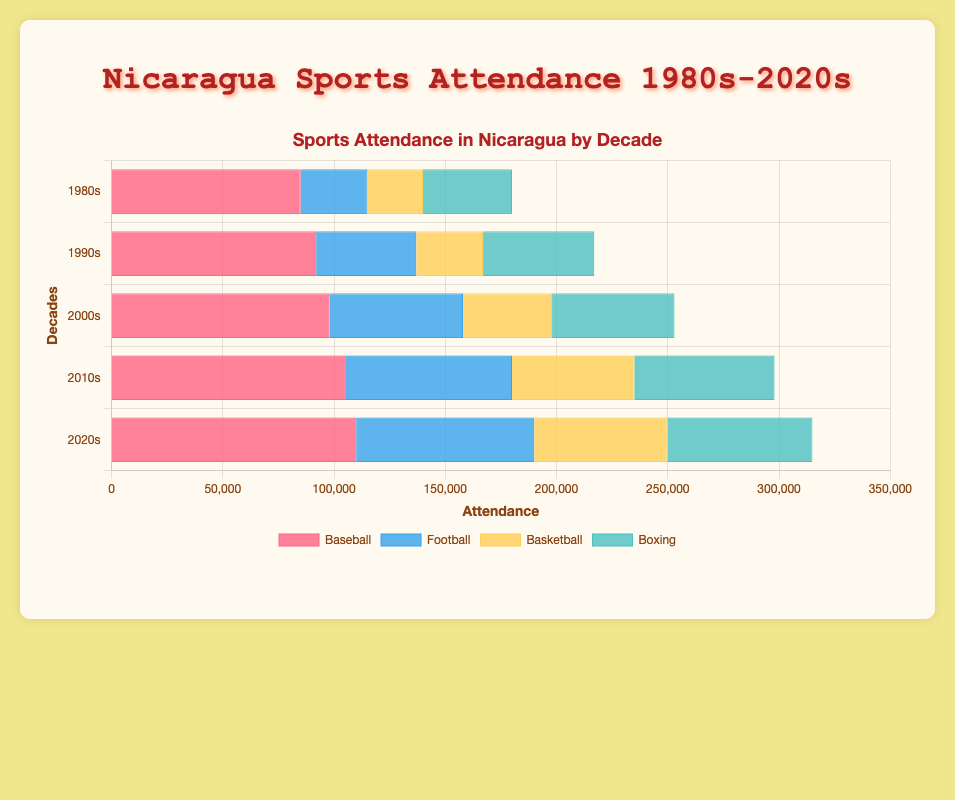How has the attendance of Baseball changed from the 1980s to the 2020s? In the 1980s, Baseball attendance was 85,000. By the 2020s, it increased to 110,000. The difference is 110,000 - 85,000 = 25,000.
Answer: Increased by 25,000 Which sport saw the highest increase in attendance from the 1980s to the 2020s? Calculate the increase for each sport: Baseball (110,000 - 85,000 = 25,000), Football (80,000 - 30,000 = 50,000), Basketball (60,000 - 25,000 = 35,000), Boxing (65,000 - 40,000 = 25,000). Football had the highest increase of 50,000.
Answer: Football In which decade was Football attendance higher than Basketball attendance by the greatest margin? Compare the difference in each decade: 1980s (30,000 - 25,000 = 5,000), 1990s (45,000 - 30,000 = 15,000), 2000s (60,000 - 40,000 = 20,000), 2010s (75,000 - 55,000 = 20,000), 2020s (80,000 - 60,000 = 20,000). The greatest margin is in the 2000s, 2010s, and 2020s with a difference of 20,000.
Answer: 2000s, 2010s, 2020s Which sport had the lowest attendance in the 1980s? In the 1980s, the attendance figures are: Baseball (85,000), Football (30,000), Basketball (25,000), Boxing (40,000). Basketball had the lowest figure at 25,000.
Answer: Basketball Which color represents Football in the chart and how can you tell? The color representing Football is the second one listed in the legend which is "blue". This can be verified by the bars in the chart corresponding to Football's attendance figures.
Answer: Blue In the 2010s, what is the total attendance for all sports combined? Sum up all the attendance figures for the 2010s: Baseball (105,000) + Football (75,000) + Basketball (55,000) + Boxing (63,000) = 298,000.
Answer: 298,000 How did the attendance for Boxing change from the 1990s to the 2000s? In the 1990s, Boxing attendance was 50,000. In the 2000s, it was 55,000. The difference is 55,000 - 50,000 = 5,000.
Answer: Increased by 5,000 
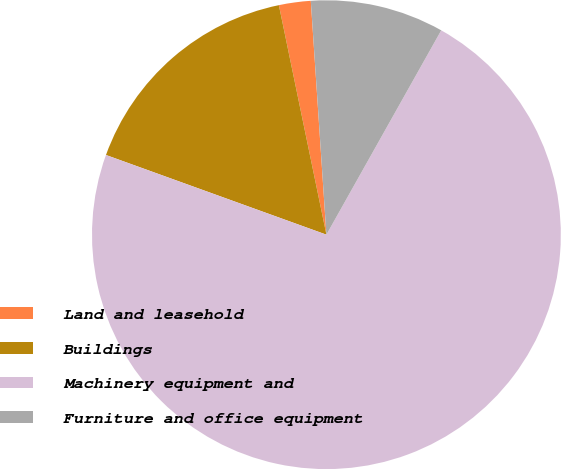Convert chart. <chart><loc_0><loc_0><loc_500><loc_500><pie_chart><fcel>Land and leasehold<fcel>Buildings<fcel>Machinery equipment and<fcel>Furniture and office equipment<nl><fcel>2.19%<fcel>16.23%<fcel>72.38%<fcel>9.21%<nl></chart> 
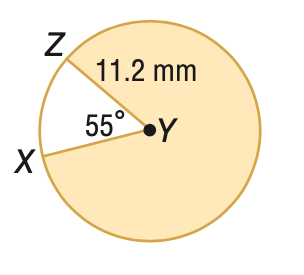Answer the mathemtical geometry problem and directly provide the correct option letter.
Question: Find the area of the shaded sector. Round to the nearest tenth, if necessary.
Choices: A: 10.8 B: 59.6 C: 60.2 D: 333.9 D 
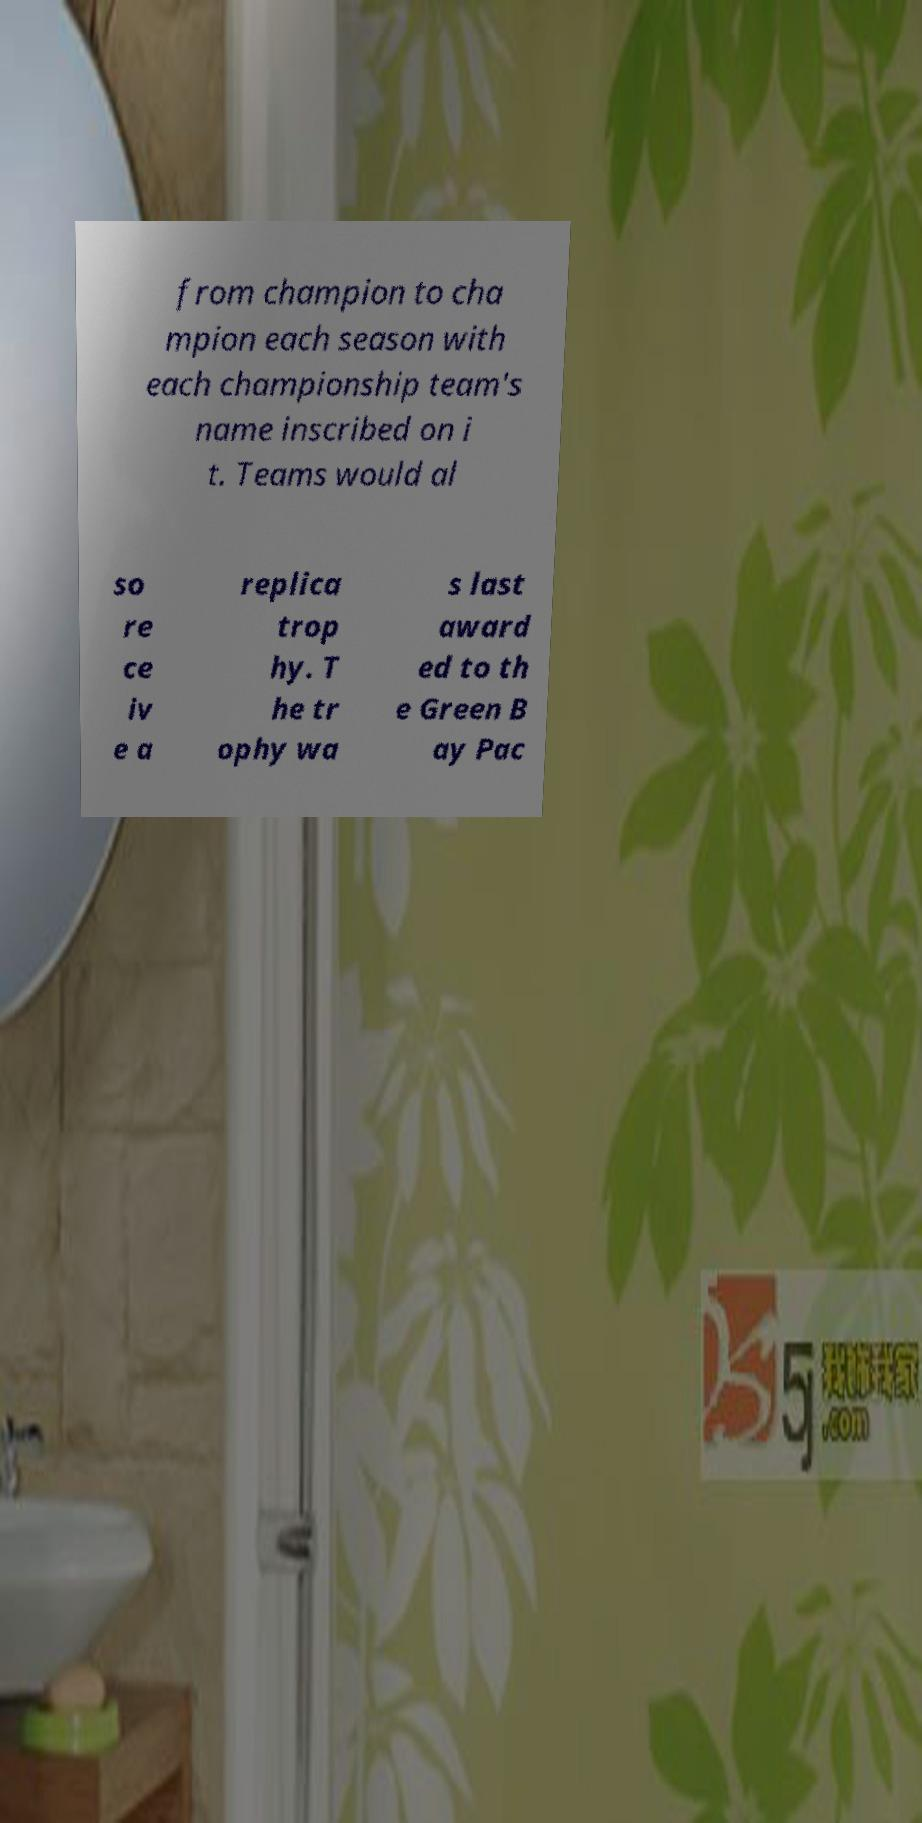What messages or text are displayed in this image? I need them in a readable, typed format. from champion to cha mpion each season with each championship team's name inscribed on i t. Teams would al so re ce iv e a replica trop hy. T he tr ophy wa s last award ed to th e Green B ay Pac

---

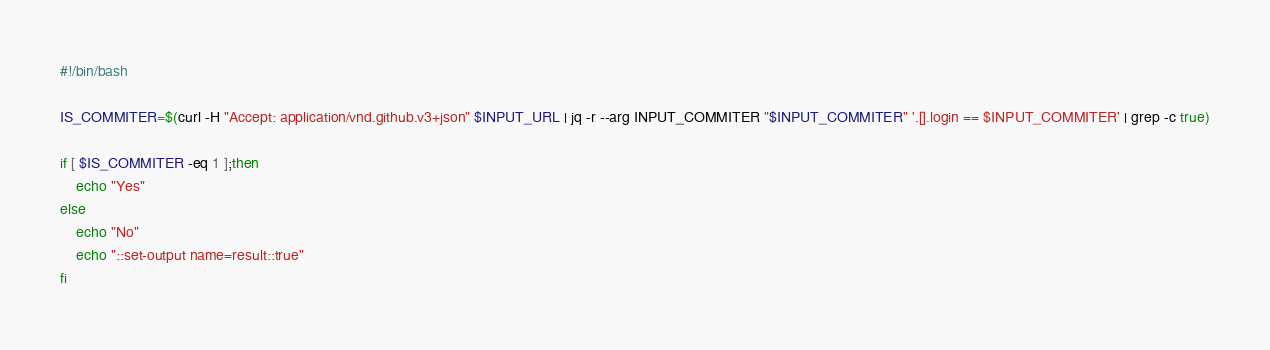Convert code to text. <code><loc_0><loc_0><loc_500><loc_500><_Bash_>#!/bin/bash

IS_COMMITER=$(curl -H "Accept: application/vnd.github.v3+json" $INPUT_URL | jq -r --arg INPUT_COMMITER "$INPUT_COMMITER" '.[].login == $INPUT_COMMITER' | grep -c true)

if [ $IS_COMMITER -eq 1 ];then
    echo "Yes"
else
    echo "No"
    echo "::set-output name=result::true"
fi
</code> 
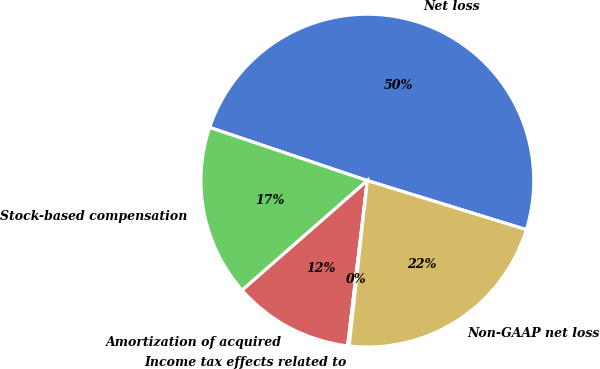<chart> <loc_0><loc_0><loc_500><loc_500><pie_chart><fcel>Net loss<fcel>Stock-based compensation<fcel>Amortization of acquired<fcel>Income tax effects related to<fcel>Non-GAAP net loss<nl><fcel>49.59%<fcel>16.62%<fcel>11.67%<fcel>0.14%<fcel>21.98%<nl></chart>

==

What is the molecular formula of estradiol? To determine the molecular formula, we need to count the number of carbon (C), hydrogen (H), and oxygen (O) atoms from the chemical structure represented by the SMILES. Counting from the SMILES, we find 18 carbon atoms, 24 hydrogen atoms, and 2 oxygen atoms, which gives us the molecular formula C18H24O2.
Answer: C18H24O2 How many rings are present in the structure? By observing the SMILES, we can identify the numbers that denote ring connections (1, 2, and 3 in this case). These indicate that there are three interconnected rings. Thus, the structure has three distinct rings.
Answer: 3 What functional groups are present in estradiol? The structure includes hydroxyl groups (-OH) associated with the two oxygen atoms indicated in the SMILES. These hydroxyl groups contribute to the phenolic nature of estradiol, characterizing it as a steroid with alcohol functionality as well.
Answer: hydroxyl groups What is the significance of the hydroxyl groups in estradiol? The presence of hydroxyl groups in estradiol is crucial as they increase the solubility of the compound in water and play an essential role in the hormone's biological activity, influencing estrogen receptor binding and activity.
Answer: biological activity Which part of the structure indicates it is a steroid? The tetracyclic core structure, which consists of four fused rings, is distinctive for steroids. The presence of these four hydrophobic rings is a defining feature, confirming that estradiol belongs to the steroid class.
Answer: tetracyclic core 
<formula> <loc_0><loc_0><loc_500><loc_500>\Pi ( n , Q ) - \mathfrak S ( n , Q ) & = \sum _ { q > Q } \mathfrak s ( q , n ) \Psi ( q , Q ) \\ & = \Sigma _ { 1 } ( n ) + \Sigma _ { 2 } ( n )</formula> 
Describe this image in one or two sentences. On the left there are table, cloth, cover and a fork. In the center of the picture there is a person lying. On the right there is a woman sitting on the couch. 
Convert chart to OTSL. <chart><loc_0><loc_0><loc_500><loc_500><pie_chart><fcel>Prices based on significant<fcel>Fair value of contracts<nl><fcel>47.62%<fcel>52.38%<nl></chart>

→ Your objective: How would the lines above read from the one with "How has the" to the one with "Answer: Basketball Which", inclusive, with no pictures? Write them out exactly.

→ Solution below:
How has the attendance of Baseball changed from the 1980s to the 2020s? In the 1980s, Baseball attendance was 85,000. By the 2020s, it increased to 110,000. The difference is 110,000 - 85,000 = 25,000.
Answer: Increased by 25,000 Which sport saw the highest increase in attendance from the 1980s to the 2020s? Calculate the increase for each sport: Baseball (110,000 - 85,000 = 25,000), Football (80,000 - 30,000 = 50,000), Basketball (60,000 - 25,000 = 35,000), Boxing (65,000 - 40,000 = 25,000). Football had the highest increase of 50,000.
Answer: Football In which decade was Football attendance higher than Basketball attendance by the greatest margin? Compare the difference in each decade: 1980s (30,000 - 25,000 = 5,000), 1990s (45,000 - 30,000 = 15,000), 2000s (60,000 - 40,000 = 20,000), 2010s (75,000 - 55,000 = 20,000), 2020s (80,000 - 60,000 = 20,000). The greatest margin is in the 2000s, 2010s, and 2020s with a difference of 20,000.
Answer: 2000s, 2010s, 2020s Which sport had the lowest attendance in the 1980s? In the 1980s, the attendance figures are: Baseball (85,000), Football (30,000), Basketball (25,000), Boxing (40,000). Basketball had the lowest figure at 25,000.
Answer: Basketball Which color represents Football in the chart and how can you tell? The color representing Football is the second one listed in the legend which is "blue". This can be verified by the bars in the chart corresponding to Football's attendance figures.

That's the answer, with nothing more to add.